Dataset items
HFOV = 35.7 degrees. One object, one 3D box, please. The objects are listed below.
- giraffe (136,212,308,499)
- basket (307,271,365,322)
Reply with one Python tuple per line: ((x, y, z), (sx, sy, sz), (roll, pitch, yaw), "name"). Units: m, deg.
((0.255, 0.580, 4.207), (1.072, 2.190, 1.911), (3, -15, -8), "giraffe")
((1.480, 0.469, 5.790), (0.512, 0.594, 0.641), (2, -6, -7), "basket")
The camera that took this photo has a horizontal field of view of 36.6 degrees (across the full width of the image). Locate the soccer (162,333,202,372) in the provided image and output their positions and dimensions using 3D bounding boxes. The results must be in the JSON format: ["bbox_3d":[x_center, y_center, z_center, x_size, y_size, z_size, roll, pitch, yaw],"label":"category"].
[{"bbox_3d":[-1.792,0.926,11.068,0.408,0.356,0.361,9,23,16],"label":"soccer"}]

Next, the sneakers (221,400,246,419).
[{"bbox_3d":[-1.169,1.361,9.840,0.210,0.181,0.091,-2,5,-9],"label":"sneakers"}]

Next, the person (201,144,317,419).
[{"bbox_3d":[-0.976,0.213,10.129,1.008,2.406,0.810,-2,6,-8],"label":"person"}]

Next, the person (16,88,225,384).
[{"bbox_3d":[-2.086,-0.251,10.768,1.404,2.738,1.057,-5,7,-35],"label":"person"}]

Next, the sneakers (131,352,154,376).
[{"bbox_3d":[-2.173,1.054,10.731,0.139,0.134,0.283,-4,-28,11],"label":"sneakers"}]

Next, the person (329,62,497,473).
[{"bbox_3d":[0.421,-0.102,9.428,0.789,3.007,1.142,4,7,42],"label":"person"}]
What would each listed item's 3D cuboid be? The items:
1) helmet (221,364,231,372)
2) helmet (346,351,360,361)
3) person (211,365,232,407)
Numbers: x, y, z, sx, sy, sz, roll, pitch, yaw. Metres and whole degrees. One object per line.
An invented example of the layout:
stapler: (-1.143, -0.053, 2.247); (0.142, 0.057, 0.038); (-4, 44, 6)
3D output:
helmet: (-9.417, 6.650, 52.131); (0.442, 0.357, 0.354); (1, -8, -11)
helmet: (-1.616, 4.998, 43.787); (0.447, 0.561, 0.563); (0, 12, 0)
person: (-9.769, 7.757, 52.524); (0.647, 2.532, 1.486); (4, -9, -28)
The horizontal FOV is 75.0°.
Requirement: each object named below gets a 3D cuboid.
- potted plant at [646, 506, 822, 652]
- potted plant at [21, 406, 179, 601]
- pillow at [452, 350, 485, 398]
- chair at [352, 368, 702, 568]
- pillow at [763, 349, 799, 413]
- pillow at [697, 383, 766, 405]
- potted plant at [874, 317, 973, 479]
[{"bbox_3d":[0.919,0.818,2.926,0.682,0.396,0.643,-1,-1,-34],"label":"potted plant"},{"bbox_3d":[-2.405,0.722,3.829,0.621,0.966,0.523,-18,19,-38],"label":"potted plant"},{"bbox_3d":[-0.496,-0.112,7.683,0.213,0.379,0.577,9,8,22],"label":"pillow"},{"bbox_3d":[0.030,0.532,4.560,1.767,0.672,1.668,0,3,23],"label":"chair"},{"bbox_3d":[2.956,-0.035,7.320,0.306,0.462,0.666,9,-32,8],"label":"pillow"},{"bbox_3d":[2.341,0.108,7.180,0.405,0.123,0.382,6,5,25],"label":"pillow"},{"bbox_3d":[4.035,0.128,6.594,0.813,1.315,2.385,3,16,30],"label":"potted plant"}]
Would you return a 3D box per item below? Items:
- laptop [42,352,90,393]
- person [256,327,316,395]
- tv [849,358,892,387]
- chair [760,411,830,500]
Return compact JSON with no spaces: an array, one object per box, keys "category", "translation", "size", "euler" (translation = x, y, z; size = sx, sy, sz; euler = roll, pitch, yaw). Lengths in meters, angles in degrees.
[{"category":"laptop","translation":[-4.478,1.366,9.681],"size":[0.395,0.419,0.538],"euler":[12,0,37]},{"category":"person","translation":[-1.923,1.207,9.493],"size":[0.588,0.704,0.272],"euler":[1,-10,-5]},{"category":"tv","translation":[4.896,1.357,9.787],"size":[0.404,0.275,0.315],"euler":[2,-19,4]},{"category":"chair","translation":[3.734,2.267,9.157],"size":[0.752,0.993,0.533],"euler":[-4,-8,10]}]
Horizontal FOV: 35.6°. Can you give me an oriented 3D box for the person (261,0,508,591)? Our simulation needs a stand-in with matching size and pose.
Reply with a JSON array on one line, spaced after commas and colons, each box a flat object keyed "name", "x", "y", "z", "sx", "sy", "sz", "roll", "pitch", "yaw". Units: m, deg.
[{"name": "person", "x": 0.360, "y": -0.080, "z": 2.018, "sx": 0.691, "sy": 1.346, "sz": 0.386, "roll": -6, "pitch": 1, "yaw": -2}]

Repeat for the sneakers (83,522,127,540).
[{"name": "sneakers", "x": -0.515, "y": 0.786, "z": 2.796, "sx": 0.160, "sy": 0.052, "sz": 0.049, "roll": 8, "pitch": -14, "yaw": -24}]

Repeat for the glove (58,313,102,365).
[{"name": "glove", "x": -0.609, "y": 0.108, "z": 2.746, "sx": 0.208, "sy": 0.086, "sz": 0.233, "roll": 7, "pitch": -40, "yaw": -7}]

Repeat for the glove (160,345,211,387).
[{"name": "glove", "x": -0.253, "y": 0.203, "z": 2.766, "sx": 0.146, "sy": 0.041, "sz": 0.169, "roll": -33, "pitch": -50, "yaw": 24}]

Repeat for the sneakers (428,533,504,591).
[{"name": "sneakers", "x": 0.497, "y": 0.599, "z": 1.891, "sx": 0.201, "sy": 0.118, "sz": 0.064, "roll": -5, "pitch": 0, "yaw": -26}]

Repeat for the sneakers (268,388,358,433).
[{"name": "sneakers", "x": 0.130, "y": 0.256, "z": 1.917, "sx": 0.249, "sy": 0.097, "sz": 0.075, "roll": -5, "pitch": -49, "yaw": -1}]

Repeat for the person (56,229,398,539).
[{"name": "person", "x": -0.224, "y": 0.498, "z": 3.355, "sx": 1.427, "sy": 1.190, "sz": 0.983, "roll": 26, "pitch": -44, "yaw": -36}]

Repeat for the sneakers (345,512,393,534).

■ **ABOUT THIS TASK**: Scan the entries above and copy each line where "below" occurs.

■ **REPLY**:
HFOV = 35.7 degrees. One object, one 3D box, please. The objects are listed below.
Requirement: each object named below gets a 3D cuboid.
Would you return a 3D box per item below? Items:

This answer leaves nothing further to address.